Yes. When I was implementing the pass my primary target was code size, so I didn't check performance impact extensively (I checked only that there was no significant degradation on a couple of benchmarks). The obvious concern was that the RRL part of the pass may increase register pressure and that would hurt performance. The code size impact was really small so it was easier and safer to just enable it only for -Oz.

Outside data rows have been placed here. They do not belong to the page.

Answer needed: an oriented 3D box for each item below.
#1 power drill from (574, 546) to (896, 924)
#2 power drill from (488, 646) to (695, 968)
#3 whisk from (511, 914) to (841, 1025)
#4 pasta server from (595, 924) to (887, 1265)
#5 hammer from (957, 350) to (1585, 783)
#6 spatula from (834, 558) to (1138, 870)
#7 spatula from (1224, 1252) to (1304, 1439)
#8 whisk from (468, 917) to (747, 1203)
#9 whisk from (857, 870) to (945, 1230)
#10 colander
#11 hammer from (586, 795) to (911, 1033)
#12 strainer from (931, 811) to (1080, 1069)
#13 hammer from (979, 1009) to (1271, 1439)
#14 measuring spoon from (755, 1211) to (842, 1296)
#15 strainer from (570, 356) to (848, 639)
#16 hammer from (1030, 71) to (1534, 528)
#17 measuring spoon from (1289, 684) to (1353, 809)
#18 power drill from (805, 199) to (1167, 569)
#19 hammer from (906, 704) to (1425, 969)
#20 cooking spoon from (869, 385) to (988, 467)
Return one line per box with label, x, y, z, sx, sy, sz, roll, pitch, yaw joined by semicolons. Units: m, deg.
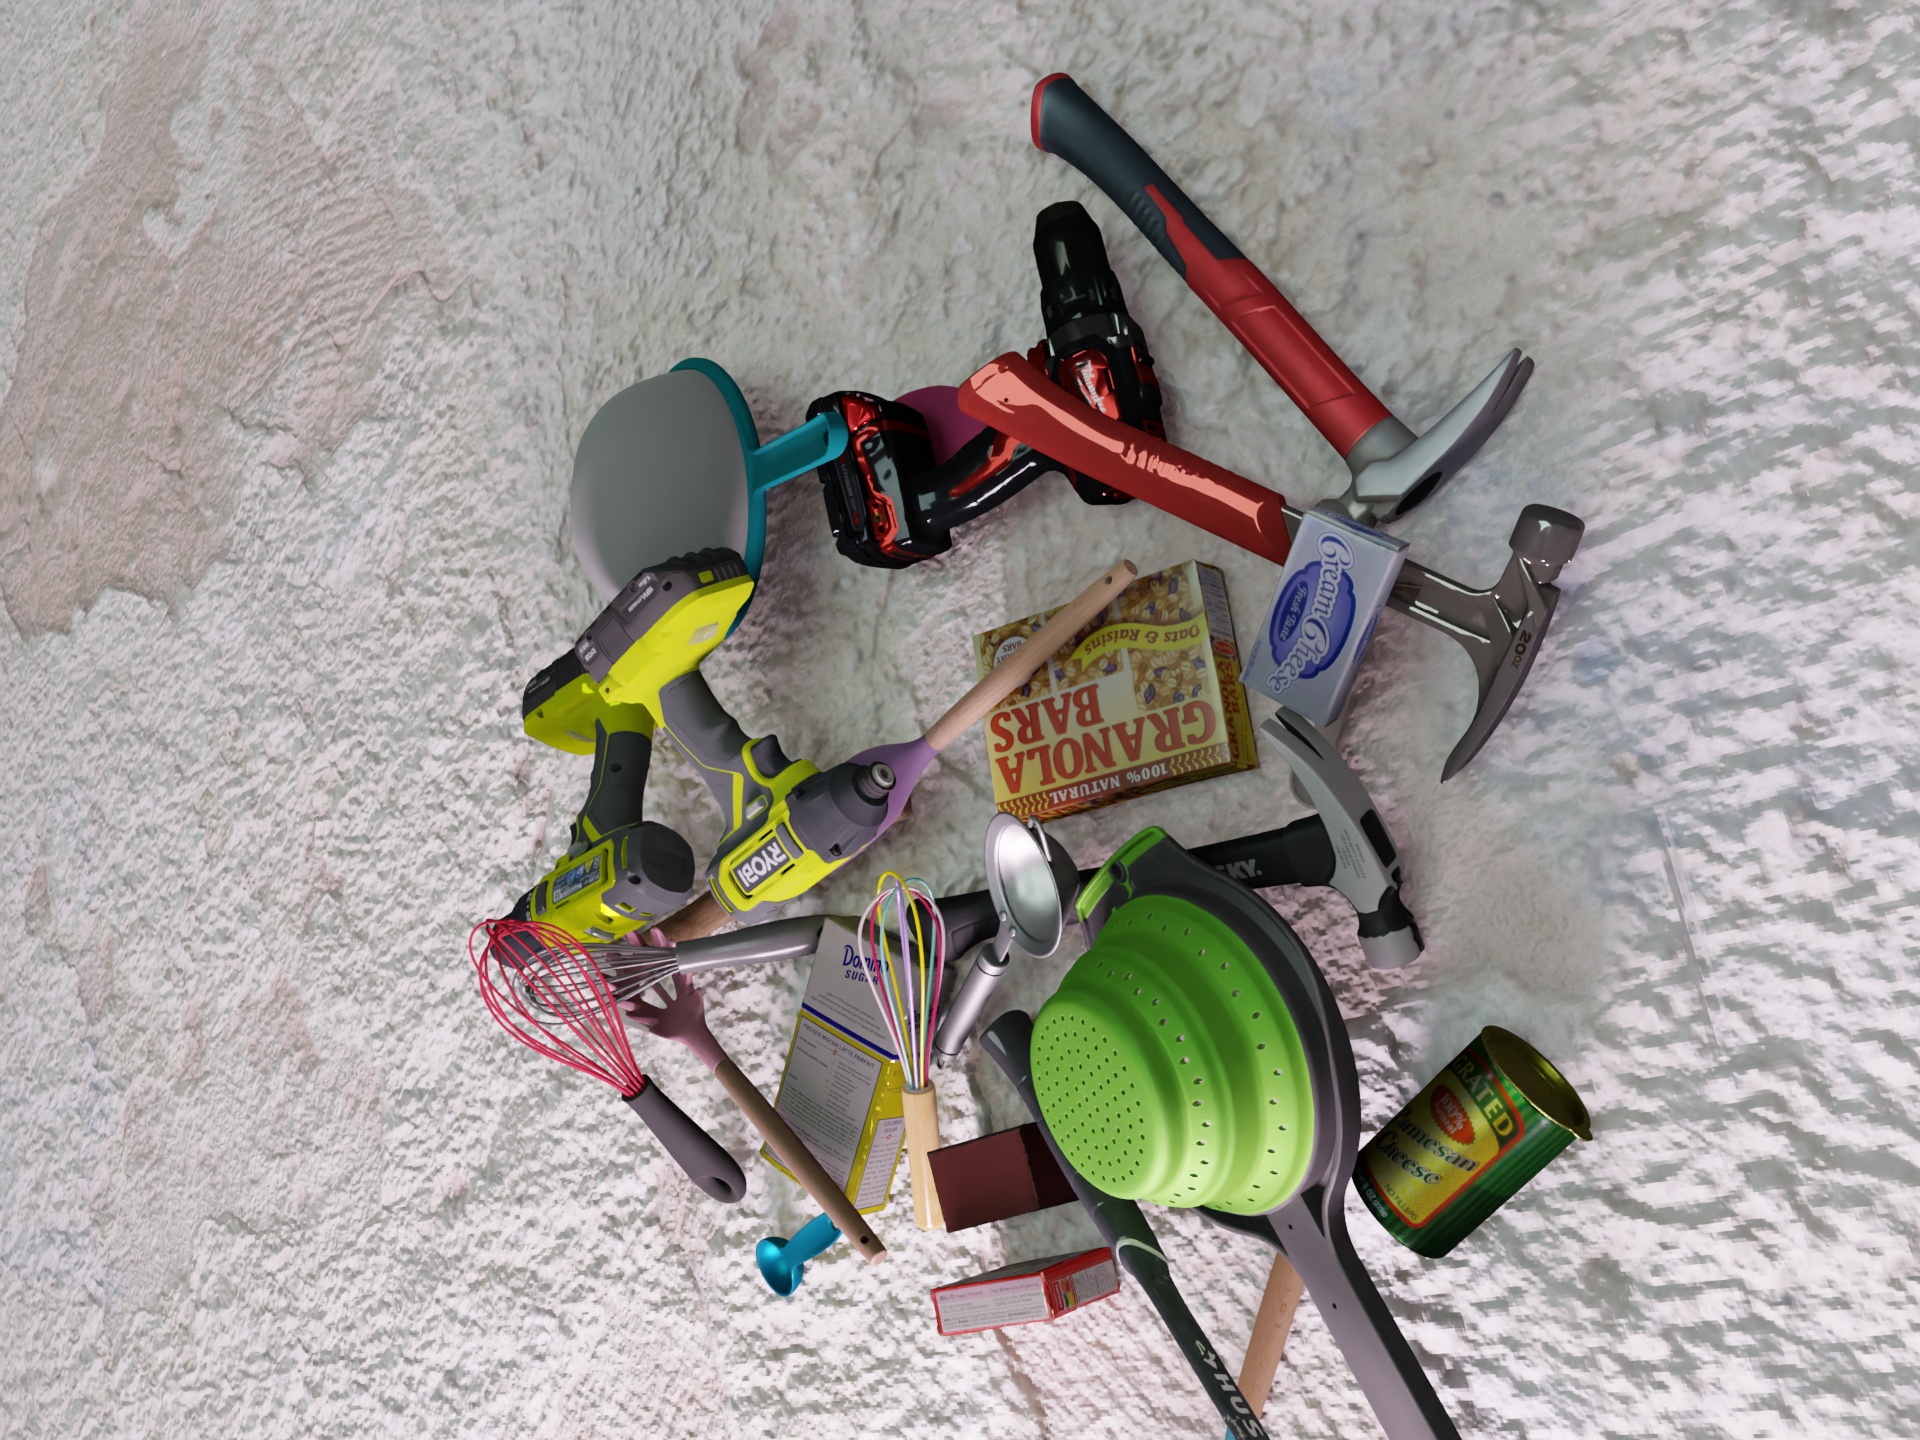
power drill;-0.144;0.005;1.047;0.171;0.080;0.223;-38;82;39
power drill;-0.278;0.065;1.181;0.190;0.080;0.229;-28;52;32
whisk;-0.192;0.167;1.099;0.239;0.055;0.055;-11;76;1
pasta server;-0.149;0.248;1.072;0.060;0.040;0.316;-40;52;-13
hammer;0.146;-0.109;0.878;0.359;0.036;0.149;30;117;25
spatula;-0.002;-0.003;1.000;0.316;0.018;0.060;-41;62;34
spatula;0.157;0.364;0.871;0.082;0.044;0.317;20;96;42
whisk;-0.229;0.236;1.071;0.073;0.295;0.073;-24;31;15
whisk;-0.029;0.208;1.000;0.047;0.051;0.245;5;108;30
colander;0.139;0.250;0.803;0.397;0.094;0.204;62;145;21
hammer;-0.160;0.128;1.152;0.331;0.031;0.130;-33;66;31
strainer;0.023;0.138;0.959;0.087;0.050;0.258;59;143;32
hammer;0.111;0.303;0.850;0.036;0.149;0.409;-54;41;16
measuring spoon;-0.101;0.351;1.070;0.042;0.021;0.128;57;136;15
strainer;-0.194;-0.162;1.100;0.340;0.095;0.211;-8;88;58
hammer;0.163;-0.276;0.938;0.143;0.038;0.387;-46;60;24
measuring spoon;0.212;-0.010;0.890;0.034;0.018;0.124;8;84;38
power drill;0.016;-0.205;1.010;0.227;0.080;0.188;-17;82;30
hammer;0.095;0.093;0.934;0.335;0.035;0.146;-17;100;40
cooking spoon;-0.105;-0.193;1.152;0.319;0.017;0.069;0;91;38

qcolombet added inline comments.May 16 2016, 6:39 PM
test/CodeGen/X86/lea-opt.ll
1 ↗(On Diff #55411)

Could you check both with and without the optimization running?

112 ↗(On Diff #55411)

I don’t get what is the problem with that specific part of the test.

If we want to test something else, writing a new test should be fine instead of fixing that one, shouldn’t it?

aturetsk updated this revision to Diff 57444.May 17 2016, 1:25 AM
aturetsk edited edge metadata.

Add a test for the case when the LEA pass is disabled.

aturetsk updated this revision to Diff 57445.May 17 2016, 1:53 AM

Add a test for the case when the LEA pass is disabled. (Take #2).

aturetsk added inline comments.May 17 2016, 2:05 AM
test/CodeGen/X86/lea-opt.ll
1–2 ↗(On Diff #57445)

Done.

137 ↗(On Diff #57445)

There are two LEA instructions in this test.

Before this patch, RRL part of the pass was disabled for 'optsize', so both LEAs were preserved and RemoveRedundantAddressCalculation part of the pass had to choose a LEA for substitution in load instructions. And it should choose not the closest one, but the one which would make a resulting displacement fit 1 byte (that's exactly what the test checks).

After this patch, RRL part of the pass is enabled for 'optsize'. And without the changes in the test I made it would remove one of the LEAs and thus RRAC part of the pass wouldn't need to choose a LEA for substitution (because only one remained). So the test would become useless.

qcolombet added inline comments.May 17 2016, 9:36 AM
test/CodeGen/X86/lea-opt.ll
1–2 ↗(On Diff #57445)

Could you factor out the common pattern under a CHECK file and move the rest in two different patterns ENABLED/DISABLED.
That way it would be easier to see the effects of the pass.
(I also suspect that DISABLED will be a superset of CHECK and ENABLED will be empty.)

(Note: you can use several check prefix on the command line with additional —check-prefix options.)

137 ↗(On Diff #57445)

Thanks for the clarification.

aturetsk updated this revision to Diff 57592.May 18 2016, 5:13 AM

Improve the test.

test/CodeGen/X86/lea-opt.ll
1–3 ↗(On Diff #57592)

Done.

qcolombet accepted this revision.May 18 2016, 11:07 AM
qcolombet edited edge metadata.
This revision is now accepted and ready to land.May 18 2016, 11:07 AM
This revision was automatically updated to reflect the committed changes.